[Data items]
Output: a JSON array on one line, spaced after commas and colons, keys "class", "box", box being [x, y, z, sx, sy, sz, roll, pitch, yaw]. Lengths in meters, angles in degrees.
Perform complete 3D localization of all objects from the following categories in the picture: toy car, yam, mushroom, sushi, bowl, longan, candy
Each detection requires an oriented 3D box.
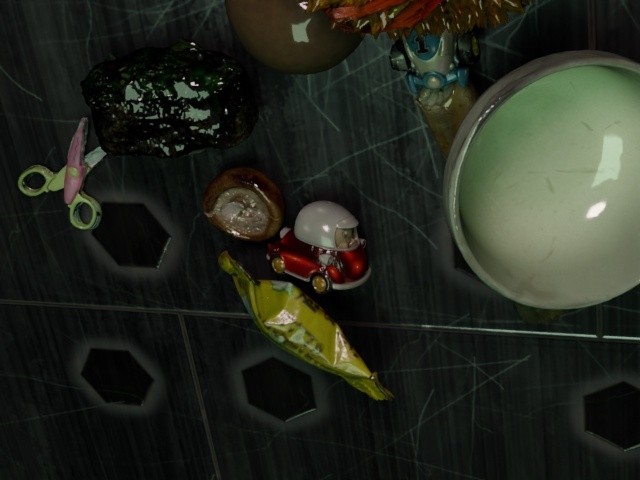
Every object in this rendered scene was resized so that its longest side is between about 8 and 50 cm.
[{"class": "toy car", "box": [0.000, 0.000, 1.815, 0.139, 0.112, 0.112, 17, 112, 26]}, {"class": "yam", "box": [0.228, -0.049, 1.713, 0.083, 0.083, 0.372, -16, 118, 28]}, {"class": "mushroom", "box": [-0.103, -0.050, 1.839, 0.123, 0.052, 0.123, 12, 134, 13]}, {"class": "toy car", "box": [0.120, -0.254, 1.573, 0.126, 0.098, 0.162, -2, 99, 23]}, {"class": "sushi", "box": [-0.198, -0.183, 1.734, 0.225, 0.124, 0.127, 0, 124, 19]}, {"class": "bowl", "box": [0.283, -0.083, 1.576, 0.307, 0.163, 0.307, -3, 111, -9]}, {"class": "longan", "box": [-0.028, -0.281, 1.582, 0.189, 0.189, 0.189, 9, 126, 13]}, {"class": "candy", "box": [-0.029, 0.124, 1.877, 0.297, 0.081, 0.187, 45, 170, -12]}]

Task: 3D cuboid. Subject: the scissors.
[{"class": "scissors", "box": [-0.349, -0.099, 1.910, 0.133, 0.020, 0.187, 32, 129, -8]}]

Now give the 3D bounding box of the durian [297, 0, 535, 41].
[{"class": "durian", "box": [0.085, -0.378, 1.368, 0.384, 0.347, 0.347, 41, 127, 4]}]
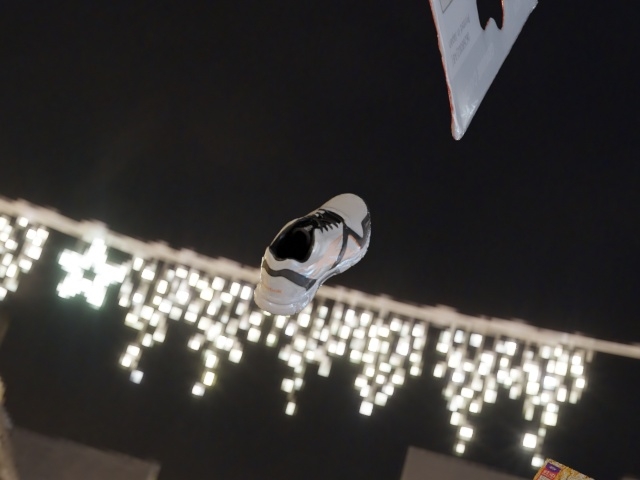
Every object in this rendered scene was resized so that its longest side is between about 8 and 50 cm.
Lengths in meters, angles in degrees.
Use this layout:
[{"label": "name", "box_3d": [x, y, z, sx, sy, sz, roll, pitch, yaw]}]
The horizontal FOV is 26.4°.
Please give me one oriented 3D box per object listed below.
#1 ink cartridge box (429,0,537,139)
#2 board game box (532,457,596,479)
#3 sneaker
[{"label": "ink cartridge box", "box_3d": [0.013, -0.132, 0.374, 0.045, 0.145, 0.179, -7, -67, 21]}, {"label": "board game box", "box_3d": [0.333, 0.314, 1.452, 0.147, 0.045, 0.193, 44, -15, -33]}, {"label": "sneaker", "box_3d": [0.000, 0.000, 0.815, 0.040, 0.109, 0.043, 22, -47, 19]}]
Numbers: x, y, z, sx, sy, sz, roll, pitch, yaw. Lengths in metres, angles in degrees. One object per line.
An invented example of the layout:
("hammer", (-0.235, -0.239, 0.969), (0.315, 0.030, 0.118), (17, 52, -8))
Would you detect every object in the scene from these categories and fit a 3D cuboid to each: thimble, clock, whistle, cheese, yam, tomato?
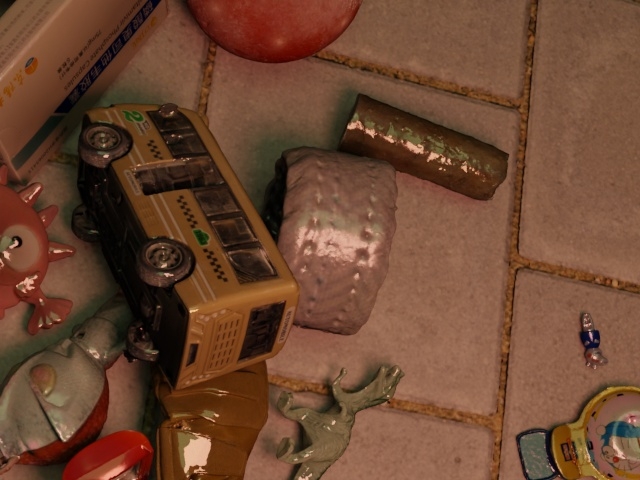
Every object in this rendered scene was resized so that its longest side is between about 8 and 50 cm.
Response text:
("thimble", (0.000, 0.000, 1.645), (0.157, 0.217, 0.245), (12, 90, -10))
("clock", (-0.268, 0.285, 1.510), (0.113, 0.155, 0.061), (-27, 75, -22))
("whistle", (-0.300, 0.161, 1.552), (0.134, 0.142, 0.346), (45, 55, -11))
("cheese", (0.407, 0.293, 1.762), (0.250, 0.064, 0.156), (-11, 77, -7))
("yam", (0.153, -0.131, 1.790), (0.259, 0.093, 0.093), (20, 70, -11))
("tomato", (-0.065, -0.386, 1.723), (0.270, 0.227, 0.270), (5, 71, -14))
("whistle", (0.403, 0.148, 1.819), (0.033, 0.029, 0.083), (-12, 82, 13))

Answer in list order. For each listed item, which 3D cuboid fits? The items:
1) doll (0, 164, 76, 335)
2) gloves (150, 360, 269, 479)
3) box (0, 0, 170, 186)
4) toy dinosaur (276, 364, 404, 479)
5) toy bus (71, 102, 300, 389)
("doll", (-0.423, 0.013, 1.567), (0.211, 0.093, 0.262), (-42, 103, -22))
("gloves", (-0.143, 0.219, 1.572), (0.154, 0.141, 0.331), (9, 72, -13))
("box", (-0.335, -0.258, 1.617), (0.065, 0.200, 0.343), (27, 67, 18))
("toy dinosaur", (-0.038, 0.282, 1.619), (0.383, 0.076, 0.129), (-45, 115, -16))
("toy bus", (-0.180, -0.007, 1.543), (0.202, 0.177, 0.365), (-13, 53, -26))
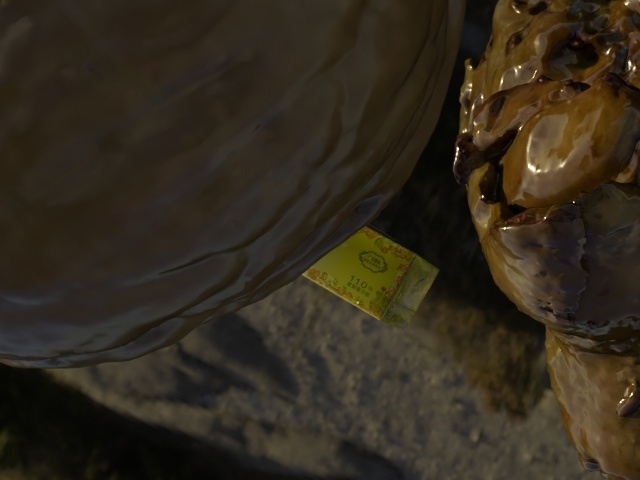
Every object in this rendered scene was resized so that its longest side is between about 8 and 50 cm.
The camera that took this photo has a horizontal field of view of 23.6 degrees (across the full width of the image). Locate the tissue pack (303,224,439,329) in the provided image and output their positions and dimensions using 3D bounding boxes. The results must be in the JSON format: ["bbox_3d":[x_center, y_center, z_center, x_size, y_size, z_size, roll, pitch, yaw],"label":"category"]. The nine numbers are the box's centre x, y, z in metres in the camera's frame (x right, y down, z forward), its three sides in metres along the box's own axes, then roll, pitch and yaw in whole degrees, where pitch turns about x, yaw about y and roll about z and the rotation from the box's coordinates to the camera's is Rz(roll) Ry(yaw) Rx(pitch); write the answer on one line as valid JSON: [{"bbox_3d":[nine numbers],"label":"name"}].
[{"bbox_3d":[0.000,0.000,1.220,0.176,0.062,0.095,31,-179,17],"label":"tissue pack"}]

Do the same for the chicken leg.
[{"bbox_3d":[0.157,0.029,0.803,0.182,0.295,0.410,-3,93,18],"label":"chicken leg"}]

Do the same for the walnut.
[{"bbox_3d":[-0.055,-0.065,0.447,0.213,0.213,0.213,14,136,14],"label":"walnut"}]

#### Instructions for the task
Leaving images out, please output every line of the data exactly.

#### Exercise output
Output: a JSON array on one line, spaced after commas and colons, keys "class", "box", box being [x, y, z, sx, sy, sz, roll, pitch, yaw]. Lengths in meters, angles in degrees.
Perform complete 3D localization of all objects from the following categories in the picture: toy car, yam, mushroom, sushi, bowl, longan, candy
Each detection requires an oriented 3D box.
Every object in this rendered scene was resized so that its longest side is between about 8 and 50 cm.
[{"class": "toy car", "box": [0.000, 0.000, 1.815, 0.139, 0.112, 0.112, 17, 112, 26]}, {"class": "yam", "box": [0.228, -0.049, 1.713, 0.083, 0.083, 0.372, -16, 118, 28]}, {"class": "mushroom", "box": [-0.103, -0.050, 1.839, 0.123, 0.052, 0.123, 12, 134, 13]}, {"class": "toy car", "box": [0.120, -0.254, 1.573, 0.126, 0.098, 0.162, -2, 99, 23]}, {"class": "sushi", "box": [-0.198, -0.183, 1.734, 0.225, 0.124, 0.127, 0, 124, 19]}, {"class": "bowl", "box": [0.283, -0.083, 1.576, 0.307, 0.163, 0.307, -3, 111, -9]}, {"class": "longan", "box": [-0.028, -0.281, 1.582, 0.189, 0.189, 0.189, 9, 126, 13]}, {"class": "candy", "box": [-0.029, 0.124, 1.877, 0.297, 0.081, 0.187, 45, 170, -12]}]

Task: 3D cuboid. Subject: the scissors.
[{"class": "scissors", "box": [-0.349, -0.099, 1.910, 0.133, 0.020, 0.187, 32, 129, -8]}]

Now give the 3D bounding box of the durian [297, 0, 535, 41].
[{"class": "durian", "box": [0.085, -0.378, 1.368, 0.384, 0.347, 0.347, 41, 127, 4]}]
Every object in this rendered scene was resized so that its longest side is between about 8 and 50 cm.
Lengths in meters, angles in degrees.
Use this layout:
[{"label": "name", "box_3d": [x, y, z, sx, sy, sz, roll, pitch, yaw]}]
The horizontal FOV is 26.4°.
Please give me one oriented 3D box per object listed below.
#1 ink cartridge box (429,0,537,139)
#2 board game box (532,457,596,479)
#3 sneaker
[{"label": "ink cartridge box", "box_3d": [0.013, -0.132, 0.374, 0.045, 0.145, 0.179, -7, -67, 21]}, {"label": "board game box", "box_3d": [0.333, 0.314, 1.452, 0.147, 0.045, 0.193, 44, -15, -33]}, {"label": "sneaker", "box_3d": [0.000, 0.000, 0.815, 0.040, 0.109, 0.043, 22, -47, 19]}]
Numbers: x, y, z, sx, sy, sz, roll, pitch, yaw. Lengths in metres, angles in degrees. One object per line.
An invented example of the layout:
("hammer", (-0.235, -0.239, 0.969), (0.315, 0.030, 0.118), (17, 52, -8))
Would you detect every object in the scene from these categories and fit a 3D cuboid to each: thimble, clock, whistle, cheese, yam, tomato?
Every object in this rendered scene was resized so that its longest side is between about 8 and 50 cm.
Response text:
("thimble", (0.000, 0.000, 1.645), (0.157, 0.217, 0.245), (12, 90, -10))
("clock", (-0.268, 0.285, 1.510), (0.113, 0.155, 0.061), (-27, 75, -22))
("whistle", (-0.300, 0.161, 1.552), (0.134, 0.142, 0.346), (45, 55, -11))
("cheese", (0.407, 0.293, 1.762), (0.250, 0.064, 0.156), (-11, 77, -7))
("yam", (0.153, -0.131, 1.790), (0.259, 0.093, 0.093), (20, 70, -11))
("tomato", (-0.065, -0.386, 1.723), (0.270, 0.227, 0.270), (5, 71, -14))
("whistle", (0.403, 0.148, 1.819), (0.033, 0.029, 0.083), (-12, 82, 13))

Answer in list order. For each listed item, which 3D cuboid fits? The items:
1) doll (0, 164, 76, 335)
2) gloves (150, 360, 269, 479)
3) box (0, 0, 170, 186)
4) toy dinosaur (276, 364, 404, 479)
5) toy bus (71, 102, 300, 389)
("doll", (-0.423, 0.013, 1.567), (0.211, 0.093, 0.262), (-42, 103, -22))
("gloves", (-0.143, 0.219, 1.572), (0.154, 0.141, 0.331), (9, 72, -13))
("box", (-0.335, -0.258, 1.617), (0.065, 0.200, 0.343), (27, 67, 18))
("toy dinosaur", (-0.038, 0.282, 1.619), (0.383, 0.076, 0.129), (-45, 115, -16))
("toy bus", (-0.180, -0.007, 1.543), (0.202, 0.177, 0.365), (-13, 53, -26))
Every object in this rendered scene was resized so that its longest side is between about 8 and 50 cm.
The camera that took this photo has a horizontal field of view of 23.6 degrees (across the full width of the image). Locate the tissue pack (303,224,439,329) in the provided image and output their positions and dimensions using 3D bounding boxes. The results must be in the JSON format: ["bbox_3d":[x_center, y_center, z_center, x_size, y_size, z_size, roll, pitch, yaw],"label":"category"]. The nine numbers are the box's centre x, y, z in metres in the camera's frame (x right, y down, z forward), its three sides in metres along the box's own axes, then roll, pitch and yaw in whole degrees, where pitch turns about x, yaw about y and roll about z and the rotation from the box's coordinates to the camera's is Rz(roll) Ry(yaw) Rx(pitch); write the answer on one line as valid JSON: [{"bbox_3d":[nine numbers],"label":"name"}].
[{"bbox_3d":[0.000,0.000,1.220,0.176,0.062,0.095,31,-179,17],"label":"tissue pack"}]

Do the same for the chicken leg.
[{"bbox_3d":[0.157,0.029,0.803,0.182,0.295,0.410,-3,93,18],"label":"chicken leg"}]

Do the same for the walnut.
[{"bbox_3d":[-0.055,-0.065,0.447,0.213,0.213,0.213,14,136,14],"label":"walnut"}]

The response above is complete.